Presentation for Capstone Project

Arif A. Arshad
February 10, 2018

The General Problems

The problems that I originally sought to solve were general, set out for the aim of introducing myself to text mining through cleaning, processing, and analyzing textual data, in addition to the tasks of developing an algorithm and building an app. The problem sequence included how to process big data text files given the memory constraints involved in using R, how to clean dirty, scraped text to make it usable for text analysis, how to create a dictionary of ngrams with associated probabilities, how to develop an algorithm that can predict the next word of text, and finally how to create an app around such an algorithm. The process was immersing and gave me deep hands-on experience of what is involved in text-mining and app development.

The Algorithm

The algorithm for the app is a simple matching algorithm. It takes the input text and searches for matches from the memory efficient 28MB ngram dictionary that contains 632,457 different ngrams from source texts including twitter, blogs, AP news, Newsweek, Economist, and Time. The dictionary also contains the ngrams' associated probabilities using methods described in Jurafsky and Martin's Speech and Language Processing. After finding a set of matches (or possibly no matches), it chooses the entry with the greatest associated probability and outputs the next word in the matched ngram.

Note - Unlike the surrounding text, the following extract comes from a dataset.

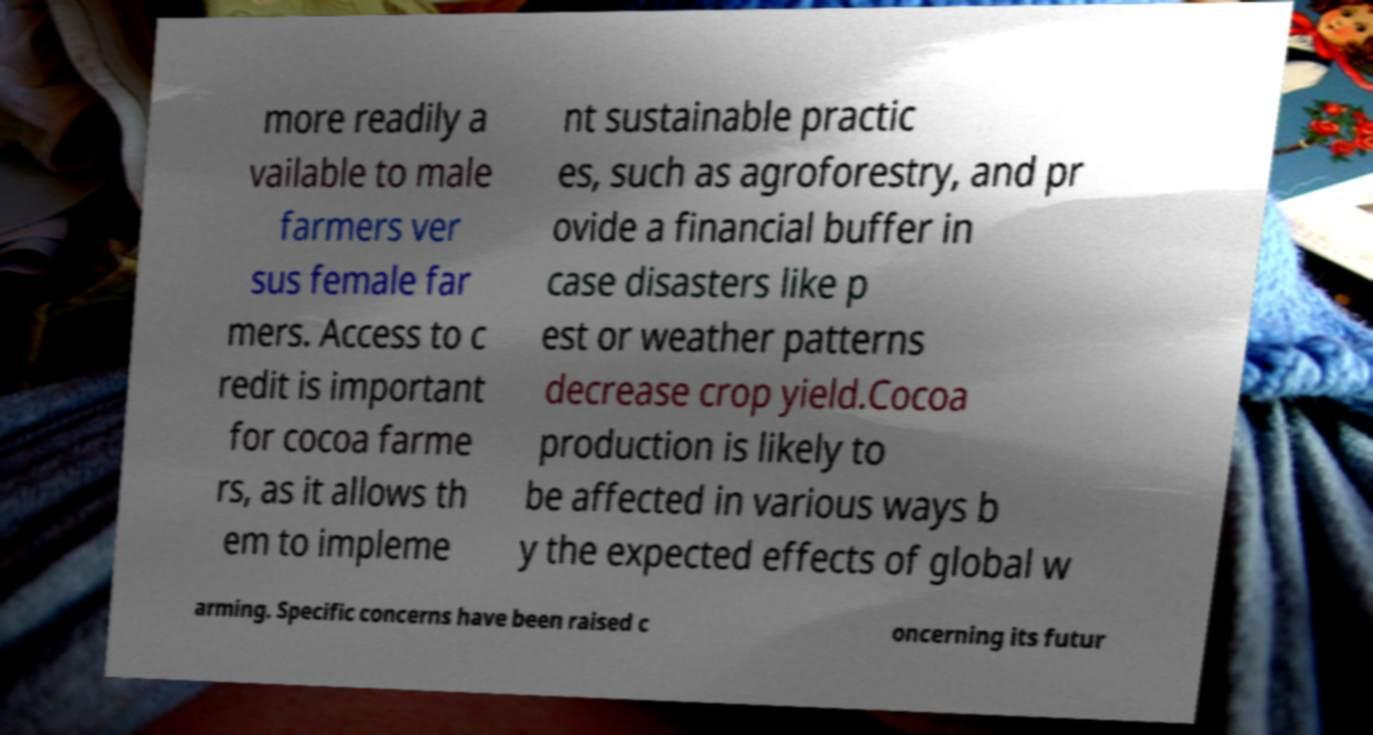For documentation purposes, I need the text within this image transcribed. Could you provide that? more readily a vailable to male farmers ver sus female far mers. Access to c redit is important for cocoa farme rs, as it allows th em to impleme nt sustainable practic es, such as agroforestry, and pr ovide a financial buffer in case disasters like p est or weather patterns decrease crop yield.Cocoa production is likely to be affected in various ways b y the expected effects of global w arming. Specific concerns have been raised c oncerning its futur

Algorithm's Performance and How to Use the App

The algorithm in various test sets was only able to predict at most 18% of the next words. No doubt, the algorithm should perform better, but how? The answer lay in a more targeted ngram list and hence a more targeted app in terms of marketing. In order to use the app, just type in or copy some text and click 'Predict'. The app will display the predicted next word.

Language, Discourse, and Prediction

Language usage is vast, having infinite an set of possibilities. However, more predictive patterns can be found given how localized the setting is. The social roles people play involve different ways of speaking. As a result, we can make use of the simple algorithm and a memory efficient ngram dictionary by targeting the source text more narrowly. This will allow us to develop next word prediction models and apps for a variety of cultural and practical contexts; in other words, new and different markets.

Helping Elementary School Kids Read

A promising application of the algorithm is in helping little kids learn how to read by predicting the next word. This may be especially promising for kids with autism or even English language learners. We can use text files from various children's books to build their vocabulary capacity and help develop a sense for syntax and common academic usage. It can be part of a project to produce learning games or sold to an existing learning game maker.